I turned around. Again, I saw no one who could possibly be speaking to me. People were wandering towards the dumpling tents as cafe owners hallooed "Buuz baina! Buuz baine! Banshtai tseh baina!" ("I have dumplings! I have dumplings! I have dumpling tea!") As I turned back one sullen young man nearby broke into a smile and said "Hey, you gotta be Peace Corps! They only have two people here and I've already met the other guy."
"Oh hi," I said, "I'm sorry, I didn't know you... uh, well, I was..."

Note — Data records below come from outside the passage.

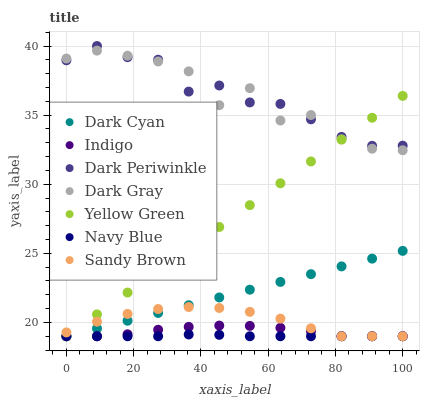Does Navy Blue have the minimum area under the curve?
Answer yes or no. Yes. Does Dark Periwinkle have the maximum area under the curve?
Answer yes or no. Yes. Does Yellow Green have the minimum area under the curve?
Answer yes or no. No. Does Yellow Green have the maximum area under the curve?
Answer yes or no. No. Is Yellow Green the smoothest?
Answer yes or no. Yes. Is Dark Gray the roughest?
Answer yes or no. Yes. Is Navy Blue the smoothest?
Answer yes or no. No. Is Navy Blue the roughest?
Answer yes or no. No. Does Indigo have the lowest value?
Answer yes or no. Yes. Does Dark Gray have the lowest value?
Answer yes or no. No. Does Dark Periwinkle have the highest value?
Answer yes or no. Yes. Does Yellow Green have the highest value?
Answer yes or no. No. Is Indigo less than Dark Periwinkle?
Answer yes or no. Yes. Is Dark Periwinkle greater than Sandy Brown?
Answer yes or no. Yes. Does Sandy Brown intersect Dark Cyan?
Answer yes or no. Yes. Is Sandy Brown less than Dark Cyan?
Answer yes or no. No. Is Sandy Brown greater than Dark Cyan?
Answer yes or no. No. Does Indigo intersect Dark Periwinkle?
Answer yes or no. No. 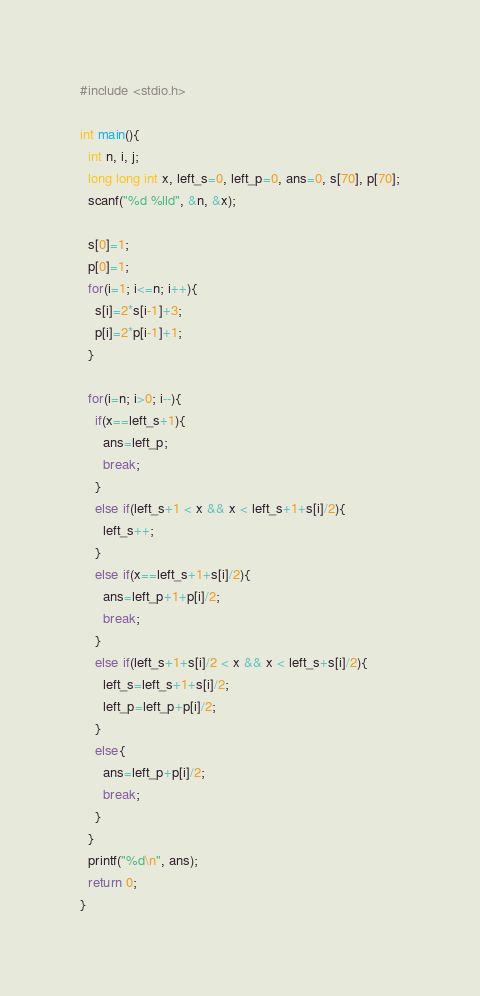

"Yeah, I know," the young man said. He smiled wryly, a very American gesture that clashed strangely with his strongly Mongolian features. "I've got a 'local face.' Just got here last week." He held out his hand for a fist bump. "I'm Dan."
"Phoebe," I bumped his fist, "Man, I don't think I've spoken to another American for months now. What brings you out here?"
"Research, sort of." Dan shrugged, "I'm thinking about riding a camel from Russia to China and then selling the article to 'National Geographic.'" He looked around a bit. "Hey, do you think I'd have enough time to buy some cigarettes? I haven't had one in three days and I'm kind of dying."
"Sure," I said, "Go to any one of the yurts and ask for 'Tamhi.'"
"Thanks, you're awesome." And with that the savior of my sanity turned and sauntered off into the snowy whiteness.